Work to complete: Below are records; state how many of their lines hold the word "inside", and give only the figure.

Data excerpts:
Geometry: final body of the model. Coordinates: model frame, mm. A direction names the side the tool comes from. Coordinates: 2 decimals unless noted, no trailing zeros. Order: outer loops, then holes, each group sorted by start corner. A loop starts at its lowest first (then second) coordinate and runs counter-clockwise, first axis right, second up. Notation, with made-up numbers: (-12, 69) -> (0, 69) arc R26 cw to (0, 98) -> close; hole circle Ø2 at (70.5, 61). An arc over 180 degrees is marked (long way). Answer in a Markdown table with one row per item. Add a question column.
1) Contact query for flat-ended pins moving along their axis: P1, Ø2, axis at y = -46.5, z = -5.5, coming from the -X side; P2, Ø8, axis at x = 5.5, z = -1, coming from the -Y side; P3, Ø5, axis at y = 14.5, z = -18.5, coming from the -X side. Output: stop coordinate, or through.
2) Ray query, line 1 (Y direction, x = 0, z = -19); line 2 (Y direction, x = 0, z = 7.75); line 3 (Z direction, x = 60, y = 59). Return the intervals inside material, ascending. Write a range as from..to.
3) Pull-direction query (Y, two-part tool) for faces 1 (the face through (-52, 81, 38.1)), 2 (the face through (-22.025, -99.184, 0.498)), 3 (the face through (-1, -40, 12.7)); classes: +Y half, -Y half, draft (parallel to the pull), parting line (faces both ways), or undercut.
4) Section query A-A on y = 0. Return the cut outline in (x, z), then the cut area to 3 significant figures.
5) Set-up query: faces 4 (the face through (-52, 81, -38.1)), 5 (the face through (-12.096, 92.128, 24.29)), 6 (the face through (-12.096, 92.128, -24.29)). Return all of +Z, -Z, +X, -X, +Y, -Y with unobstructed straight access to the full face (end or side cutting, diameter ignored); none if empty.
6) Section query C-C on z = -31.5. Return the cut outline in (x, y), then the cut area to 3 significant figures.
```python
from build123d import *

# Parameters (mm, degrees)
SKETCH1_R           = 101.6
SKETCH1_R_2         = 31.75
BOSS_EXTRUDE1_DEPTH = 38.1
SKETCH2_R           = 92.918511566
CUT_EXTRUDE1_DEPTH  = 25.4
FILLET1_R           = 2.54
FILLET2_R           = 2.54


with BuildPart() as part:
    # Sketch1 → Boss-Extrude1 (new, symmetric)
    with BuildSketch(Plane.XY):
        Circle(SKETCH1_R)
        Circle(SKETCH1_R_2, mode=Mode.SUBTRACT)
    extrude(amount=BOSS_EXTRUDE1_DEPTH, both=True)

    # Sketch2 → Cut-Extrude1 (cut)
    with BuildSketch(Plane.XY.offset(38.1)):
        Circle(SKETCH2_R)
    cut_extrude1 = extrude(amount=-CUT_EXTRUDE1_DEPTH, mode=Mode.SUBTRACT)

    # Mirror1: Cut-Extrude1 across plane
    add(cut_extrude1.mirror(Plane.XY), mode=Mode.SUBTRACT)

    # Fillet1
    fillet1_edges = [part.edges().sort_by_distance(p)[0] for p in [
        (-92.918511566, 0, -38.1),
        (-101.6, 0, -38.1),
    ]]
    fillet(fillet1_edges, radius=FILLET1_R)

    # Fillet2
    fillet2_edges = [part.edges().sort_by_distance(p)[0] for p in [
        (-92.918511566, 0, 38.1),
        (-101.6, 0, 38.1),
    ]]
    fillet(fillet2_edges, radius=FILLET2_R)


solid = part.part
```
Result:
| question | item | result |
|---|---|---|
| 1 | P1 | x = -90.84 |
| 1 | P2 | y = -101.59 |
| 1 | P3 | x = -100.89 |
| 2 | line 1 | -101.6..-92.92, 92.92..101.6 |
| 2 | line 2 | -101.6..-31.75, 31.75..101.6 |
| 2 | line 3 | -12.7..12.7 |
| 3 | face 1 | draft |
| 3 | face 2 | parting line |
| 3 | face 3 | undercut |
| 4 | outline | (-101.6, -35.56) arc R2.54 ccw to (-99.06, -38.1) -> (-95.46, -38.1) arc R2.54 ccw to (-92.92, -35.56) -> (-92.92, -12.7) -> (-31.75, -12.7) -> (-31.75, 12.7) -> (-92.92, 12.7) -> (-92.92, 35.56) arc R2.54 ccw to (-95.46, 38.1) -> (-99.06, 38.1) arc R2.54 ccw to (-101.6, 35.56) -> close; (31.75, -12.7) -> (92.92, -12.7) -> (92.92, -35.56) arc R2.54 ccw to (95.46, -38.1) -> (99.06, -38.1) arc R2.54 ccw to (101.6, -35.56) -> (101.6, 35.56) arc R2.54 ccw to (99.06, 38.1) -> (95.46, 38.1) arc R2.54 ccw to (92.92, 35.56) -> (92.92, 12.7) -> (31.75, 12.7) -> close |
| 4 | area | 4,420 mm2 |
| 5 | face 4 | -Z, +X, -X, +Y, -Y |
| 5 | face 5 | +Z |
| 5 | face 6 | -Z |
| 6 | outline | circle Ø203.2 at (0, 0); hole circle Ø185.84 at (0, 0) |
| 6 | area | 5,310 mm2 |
--
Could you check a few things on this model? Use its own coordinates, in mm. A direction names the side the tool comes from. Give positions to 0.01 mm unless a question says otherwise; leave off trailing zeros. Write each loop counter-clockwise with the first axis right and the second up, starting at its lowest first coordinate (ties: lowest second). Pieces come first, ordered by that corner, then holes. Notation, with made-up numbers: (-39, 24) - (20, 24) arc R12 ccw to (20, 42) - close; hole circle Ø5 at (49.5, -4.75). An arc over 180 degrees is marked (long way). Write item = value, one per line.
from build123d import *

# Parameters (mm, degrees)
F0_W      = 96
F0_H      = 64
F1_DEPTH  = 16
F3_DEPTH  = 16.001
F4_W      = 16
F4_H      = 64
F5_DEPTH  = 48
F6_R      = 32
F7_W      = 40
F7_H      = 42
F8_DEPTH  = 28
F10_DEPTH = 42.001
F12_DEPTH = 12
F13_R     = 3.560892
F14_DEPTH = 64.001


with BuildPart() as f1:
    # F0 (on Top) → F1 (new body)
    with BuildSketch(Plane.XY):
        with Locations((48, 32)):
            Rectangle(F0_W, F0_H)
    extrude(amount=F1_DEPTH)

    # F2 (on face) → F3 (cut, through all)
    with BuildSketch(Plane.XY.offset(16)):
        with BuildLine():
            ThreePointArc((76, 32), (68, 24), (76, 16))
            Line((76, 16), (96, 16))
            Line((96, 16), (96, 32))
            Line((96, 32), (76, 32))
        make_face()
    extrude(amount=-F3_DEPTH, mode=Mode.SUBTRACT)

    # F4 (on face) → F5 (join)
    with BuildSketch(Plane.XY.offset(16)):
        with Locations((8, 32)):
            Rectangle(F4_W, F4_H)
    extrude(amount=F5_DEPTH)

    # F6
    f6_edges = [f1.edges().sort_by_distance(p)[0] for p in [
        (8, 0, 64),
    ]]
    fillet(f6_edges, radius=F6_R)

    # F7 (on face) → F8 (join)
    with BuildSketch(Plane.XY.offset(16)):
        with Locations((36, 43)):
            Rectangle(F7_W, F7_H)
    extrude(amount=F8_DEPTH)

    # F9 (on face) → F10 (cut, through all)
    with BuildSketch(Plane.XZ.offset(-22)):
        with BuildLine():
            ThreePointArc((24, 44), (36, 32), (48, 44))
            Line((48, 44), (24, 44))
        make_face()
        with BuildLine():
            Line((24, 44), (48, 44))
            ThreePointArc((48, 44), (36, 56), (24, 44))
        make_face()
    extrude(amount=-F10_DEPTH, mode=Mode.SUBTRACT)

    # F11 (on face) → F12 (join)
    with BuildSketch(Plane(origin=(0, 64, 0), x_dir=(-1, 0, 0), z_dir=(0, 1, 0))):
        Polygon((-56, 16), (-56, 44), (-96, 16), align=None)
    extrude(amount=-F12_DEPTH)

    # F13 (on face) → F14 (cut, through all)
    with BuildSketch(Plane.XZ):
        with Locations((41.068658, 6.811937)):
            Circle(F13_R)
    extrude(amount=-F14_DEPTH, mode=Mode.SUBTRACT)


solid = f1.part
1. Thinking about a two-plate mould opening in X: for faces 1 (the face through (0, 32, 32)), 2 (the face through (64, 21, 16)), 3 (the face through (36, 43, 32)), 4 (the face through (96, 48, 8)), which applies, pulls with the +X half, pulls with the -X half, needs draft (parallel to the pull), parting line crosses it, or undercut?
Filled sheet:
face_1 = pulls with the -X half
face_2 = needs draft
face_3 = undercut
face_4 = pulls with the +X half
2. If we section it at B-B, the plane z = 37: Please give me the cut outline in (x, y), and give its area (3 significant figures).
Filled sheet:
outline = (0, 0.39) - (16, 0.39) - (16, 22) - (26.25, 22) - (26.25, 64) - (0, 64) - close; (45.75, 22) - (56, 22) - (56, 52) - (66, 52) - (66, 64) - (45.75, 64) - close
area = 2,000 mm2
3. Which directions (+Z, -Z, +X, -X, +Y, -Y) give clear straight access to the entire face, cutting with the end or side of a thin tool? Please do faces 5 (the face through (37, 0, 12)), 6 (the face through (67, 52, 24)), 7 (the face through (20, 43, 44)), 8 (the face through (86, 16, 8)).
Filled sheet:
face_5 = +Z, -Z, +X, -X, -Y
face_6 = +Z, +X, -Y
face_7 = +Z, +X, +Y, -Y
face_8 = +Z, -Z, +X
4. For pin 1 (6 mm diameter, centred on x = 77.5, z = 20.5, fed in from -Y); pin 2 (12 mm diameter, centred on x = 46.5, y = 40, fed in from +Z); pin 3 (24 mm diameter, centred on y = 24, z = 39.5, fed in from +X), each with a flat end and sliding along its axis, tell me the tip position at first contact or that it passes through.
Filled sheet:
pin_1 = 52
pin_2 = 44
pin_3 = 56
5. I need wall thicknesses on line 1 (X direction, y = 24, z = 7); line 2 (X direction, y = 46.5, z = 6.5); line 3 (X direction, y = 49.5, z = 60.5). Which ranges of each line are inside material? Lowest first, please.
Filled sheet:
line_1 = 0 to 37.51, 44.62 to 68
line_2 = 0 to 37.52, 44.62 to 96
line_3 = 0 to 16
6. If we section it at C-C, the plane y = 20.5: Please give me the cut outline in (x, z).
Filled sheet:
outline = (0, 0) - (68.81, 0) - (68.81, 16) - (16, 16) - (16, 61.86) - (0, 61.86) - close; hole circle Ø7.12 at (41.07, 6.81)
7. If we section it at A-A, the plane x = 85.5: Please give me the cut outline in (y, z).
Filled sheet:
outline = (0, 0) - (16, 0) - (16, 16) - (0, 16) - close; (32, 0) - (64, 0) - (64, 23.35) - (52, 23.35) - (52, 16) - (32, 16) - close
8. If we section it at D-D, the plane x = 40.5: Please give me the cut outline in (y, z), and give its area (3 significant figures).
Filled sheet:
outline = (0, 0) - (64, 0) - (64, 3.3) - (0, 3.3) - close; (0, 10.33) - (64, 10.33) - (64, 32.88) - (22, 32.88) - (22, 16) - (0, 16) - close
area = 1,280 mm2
==
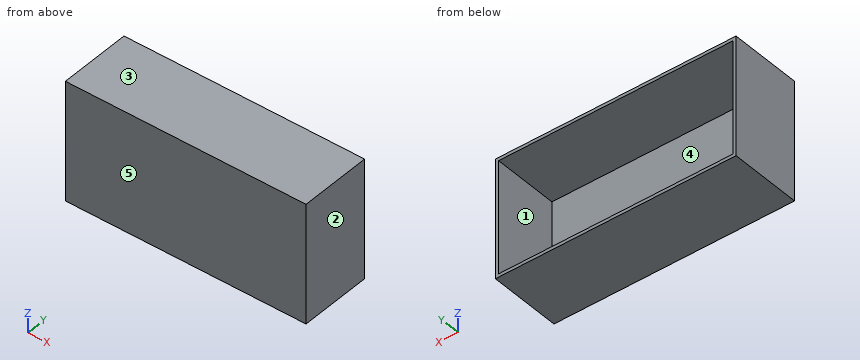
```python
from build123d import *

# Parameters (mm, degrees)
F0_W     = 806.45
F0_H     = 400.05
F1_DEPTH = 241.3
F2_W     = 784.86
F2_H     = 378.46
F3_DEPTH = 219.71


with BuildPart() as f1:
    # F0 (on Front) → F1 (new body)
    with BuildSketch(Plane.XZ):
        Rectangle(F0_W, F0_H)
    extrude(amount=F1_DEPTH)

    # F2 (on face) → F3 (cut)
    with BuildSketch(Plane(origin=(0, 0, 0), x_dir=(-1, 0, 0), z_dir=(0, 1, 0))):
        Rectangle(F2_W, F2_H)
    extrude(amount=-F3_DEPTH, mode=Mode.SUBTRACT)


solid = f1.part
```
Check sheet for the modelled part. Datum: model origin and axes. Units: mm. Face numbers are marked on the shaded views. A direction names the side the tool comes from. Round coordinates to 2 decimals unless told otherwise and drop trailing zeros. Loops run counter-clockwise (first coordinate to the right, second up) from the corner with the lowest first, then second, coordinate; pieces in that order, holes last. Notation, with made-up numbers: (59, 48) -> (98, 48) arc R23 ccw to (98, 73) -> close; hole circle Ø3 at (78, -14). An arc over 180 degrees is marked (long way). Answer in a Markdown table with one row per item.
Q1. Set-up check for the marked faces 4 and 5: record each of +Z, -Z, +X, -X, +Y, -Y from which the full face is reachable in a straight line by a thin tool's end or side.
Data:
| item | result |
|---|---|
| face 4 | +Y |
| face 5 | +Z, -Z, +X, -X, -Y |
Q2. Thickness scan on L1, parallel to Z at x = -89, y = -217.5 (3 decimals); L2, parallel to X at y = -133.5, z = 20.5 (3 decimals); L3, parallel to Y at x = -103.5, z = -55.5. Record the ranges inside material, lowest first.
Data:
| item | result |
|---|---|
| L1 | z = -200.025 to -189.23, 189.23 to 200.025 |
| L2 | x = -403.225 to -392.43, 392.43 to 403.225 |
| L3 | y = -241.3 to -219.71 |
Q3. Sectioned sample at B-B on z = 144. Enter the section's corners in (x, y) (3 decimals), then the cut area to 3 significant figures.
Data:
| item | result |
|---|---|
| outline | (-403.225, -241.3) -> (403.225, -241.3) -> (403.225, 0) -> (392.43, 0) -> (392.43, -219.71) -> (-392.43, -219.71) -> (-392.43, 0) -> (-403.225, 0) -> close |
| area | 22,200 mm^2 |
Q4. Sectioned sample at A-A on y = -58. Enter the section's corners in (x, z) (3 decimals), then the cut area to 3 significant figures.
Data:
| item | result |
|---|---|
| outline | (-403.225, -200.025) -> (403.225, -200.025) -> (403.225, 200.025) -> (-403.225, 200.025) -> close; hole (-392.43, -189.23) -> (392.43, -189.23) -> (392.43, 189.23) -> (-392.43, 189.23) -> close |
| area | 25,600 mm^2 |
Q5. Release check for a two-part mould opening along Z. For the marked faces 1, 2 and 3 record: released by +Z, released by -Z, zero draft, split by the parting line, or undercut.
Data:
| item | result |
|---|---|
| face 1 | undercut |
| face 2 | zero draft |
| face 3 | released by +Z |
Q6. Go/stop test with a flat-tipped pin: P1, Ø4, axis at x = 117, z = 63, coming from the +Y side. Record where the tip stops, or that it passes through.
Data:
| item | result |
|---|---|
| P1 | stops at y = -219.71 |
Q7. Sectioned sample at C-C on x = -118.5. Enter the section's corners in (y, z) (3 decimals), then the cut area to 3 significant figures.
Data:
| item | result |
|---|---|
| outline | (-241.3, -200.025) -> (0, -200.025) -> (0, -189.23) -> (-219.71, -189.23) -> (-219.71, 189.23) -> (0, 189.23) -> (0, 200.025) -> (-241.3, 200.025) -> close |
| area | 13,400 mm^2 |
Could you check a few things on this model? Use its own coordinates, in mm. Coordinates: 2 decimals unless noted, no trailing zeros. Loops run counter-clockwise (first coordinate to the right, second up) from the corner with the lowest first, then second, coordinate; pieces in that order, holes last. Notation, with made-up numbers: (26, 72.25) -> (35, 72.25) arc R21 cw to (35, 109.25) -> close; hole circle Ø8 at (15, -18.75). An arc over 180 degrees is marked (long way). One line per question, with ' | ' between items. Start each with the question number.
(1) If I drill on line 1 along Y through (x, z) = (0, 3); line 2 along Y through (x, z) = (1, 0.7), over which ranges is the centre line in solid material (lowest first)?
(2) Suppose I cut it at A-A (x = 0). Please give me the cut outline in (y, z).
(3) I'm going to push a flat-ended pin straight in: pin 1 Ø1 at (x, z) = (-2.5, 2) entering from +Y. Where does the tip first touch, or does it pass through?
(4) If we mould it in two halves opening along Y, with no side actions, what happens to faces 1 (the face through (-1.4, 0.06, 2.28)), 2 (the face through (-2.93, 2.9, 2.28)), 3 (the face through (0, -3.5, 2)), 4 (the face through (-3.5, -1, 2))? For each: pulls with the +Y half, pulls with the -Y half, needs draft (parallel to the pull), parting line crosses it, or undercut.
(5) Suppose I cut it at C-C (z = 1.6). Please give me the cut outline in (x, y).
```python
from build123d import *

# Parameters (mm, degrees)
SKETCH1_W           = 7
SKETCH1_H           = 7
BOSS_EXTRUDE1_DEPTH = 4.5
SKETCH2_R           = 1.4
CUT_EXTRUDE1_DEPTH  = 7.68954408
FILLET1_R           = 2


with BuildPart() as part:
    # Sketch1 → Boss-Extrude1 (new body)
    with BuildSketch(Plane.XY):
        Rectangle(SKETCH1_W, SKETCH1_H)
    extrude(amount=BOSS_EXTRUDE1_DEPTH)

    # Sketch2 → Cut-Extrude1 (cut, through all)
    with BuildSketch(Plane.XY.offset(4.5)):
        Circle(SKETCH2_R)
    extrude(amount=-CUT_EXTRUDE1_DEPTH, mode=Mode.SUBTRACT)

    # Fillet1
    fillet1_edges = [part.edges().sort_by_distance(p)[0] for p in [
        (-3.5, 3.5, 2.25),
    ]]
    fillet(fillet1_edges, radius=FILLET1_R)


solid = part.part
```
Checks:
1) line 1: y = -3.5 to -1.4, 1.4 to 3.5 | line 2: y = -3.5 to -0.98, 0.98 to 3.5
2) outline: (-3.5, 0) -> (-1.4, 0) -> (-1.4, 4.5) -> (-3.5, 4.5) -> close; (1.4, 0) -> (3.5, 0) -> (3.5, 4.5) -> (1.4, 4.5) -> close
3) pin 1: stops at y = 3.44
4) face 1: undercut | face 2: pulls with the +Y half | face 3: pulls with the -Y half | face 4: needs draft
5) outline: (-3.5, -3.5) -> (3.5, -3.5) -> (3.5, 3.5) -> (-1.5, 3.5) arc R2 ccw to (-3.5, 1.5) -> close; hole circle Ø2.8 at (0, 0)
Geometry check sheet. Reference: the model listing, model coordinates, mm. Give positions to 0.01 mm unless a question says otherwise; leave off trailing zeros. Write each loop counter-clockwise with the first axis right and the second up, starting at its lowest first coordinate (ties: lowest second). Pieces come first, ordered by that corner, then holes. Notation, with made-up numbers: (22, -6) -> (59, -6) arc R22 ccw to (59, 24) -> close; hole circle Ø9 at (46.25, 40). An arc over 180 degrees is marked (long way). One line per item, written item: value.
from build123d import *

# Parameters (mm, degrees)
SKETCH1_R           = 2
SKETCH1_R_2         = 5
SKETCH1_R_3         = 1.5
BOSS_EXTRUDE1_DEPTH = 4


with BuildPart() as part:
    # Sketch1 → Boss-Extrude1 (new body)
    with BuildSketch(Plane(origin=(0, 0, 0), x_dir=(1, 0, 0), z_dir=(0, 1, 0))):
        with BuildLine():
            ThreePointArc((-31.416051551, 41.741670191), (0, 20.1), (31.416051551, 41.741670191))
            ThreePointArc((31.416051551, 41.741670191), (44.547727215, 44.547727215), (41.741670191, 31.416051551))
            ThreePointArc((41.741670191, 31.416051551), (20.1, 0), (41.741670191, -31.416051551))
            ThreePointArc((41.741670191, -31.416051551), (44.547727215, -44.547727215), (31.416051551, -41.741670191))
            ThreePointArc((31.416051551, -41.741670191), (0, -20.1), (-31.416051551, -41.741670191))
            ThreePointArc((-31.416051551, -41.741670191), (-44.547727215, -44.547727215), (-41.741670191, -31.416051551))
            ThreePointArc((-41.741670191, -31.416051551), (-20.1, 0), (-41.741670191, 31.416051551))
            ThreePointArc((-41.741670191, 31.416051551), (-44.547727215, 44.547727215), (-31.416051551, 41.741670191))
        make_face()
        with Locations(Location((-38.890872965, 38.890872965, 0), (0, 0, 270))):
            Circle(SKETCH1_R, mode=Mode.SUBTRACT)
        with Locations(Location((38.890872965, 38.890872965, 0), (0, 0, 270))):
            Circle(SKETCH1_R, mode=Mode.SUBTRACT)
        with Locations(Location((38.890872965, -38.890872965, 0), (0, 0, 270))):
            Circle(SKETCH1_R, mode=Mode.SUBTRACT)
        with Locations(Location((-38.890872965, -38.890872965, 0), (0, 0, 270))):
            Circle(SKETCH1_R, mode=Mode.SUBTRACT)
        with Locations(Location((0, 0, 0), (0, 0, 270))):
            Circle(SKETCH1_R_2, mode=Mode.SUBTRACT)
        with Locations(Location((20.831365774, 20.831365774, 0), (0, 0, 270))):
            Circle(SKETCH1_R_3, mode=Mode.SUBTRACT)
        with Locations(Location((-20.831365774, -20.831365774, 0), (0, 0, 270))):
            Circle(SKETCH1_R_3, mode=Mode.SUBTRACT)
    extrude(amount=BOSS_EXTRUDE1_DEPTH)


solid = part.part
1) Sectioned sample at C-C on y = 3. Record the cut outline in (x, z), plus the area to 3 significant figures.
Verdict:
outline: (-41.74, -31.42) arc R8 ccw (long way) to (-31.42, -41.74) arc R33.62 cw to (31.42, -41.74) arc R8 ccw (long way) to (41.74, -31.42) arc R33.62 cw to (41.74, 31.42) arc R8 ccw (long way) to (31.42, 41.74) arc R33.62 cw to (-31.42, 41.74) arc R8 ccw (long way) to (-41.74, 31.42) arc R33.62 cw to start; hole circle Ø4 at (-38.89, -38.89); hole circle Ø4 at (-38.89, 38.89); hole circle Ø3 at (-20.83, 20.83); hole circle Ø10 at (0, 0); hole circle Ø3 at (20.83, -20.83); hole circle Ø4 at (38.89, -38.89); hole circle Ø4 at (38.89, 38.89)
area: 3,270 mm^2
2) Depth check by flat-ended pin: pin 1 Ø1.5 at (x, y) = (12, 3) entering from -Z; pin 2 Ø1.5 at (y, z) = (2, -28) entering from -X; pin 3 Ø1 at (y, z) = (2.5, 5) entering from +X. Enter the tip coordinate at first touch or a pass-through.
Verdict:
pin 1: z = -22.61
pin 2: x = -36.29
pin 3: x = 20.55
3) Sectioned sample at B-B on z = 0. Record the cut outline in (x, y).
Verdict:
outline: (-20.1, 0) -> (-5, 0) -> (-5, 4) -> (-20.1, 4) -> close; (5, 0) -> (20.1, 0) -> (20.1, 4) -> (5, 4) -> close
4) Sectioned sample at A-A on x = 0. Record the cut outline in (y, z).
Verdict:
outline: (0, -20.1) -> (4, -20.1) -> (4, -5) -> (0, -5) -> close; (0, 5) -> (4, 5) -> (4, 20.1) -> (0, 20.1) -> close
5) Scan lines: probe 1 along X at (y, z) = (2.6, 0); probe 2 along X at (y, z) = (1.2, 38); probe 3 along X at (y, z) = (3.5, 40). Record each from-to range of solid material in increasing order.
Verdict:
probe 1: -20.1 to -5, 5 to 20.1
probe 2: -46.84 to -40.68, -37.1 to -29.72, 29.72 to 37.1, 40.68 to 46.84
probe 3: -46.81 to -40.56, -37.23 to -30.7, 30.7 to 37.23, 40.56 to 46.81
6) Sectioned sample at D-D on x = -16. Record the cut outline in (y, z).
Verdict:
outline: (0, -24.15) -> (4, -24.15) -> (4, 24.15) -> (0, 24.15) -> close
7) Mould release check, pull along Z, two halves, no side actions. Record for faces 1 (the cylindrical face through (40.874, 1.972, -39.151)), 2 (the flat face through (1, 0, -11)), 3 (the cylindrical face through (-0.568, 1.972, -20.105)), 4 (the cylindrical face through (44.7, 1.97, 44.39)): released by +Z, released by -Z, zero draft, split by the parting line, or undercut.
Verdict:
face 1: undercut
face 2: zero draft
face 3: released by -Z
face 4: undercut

Answer box: 3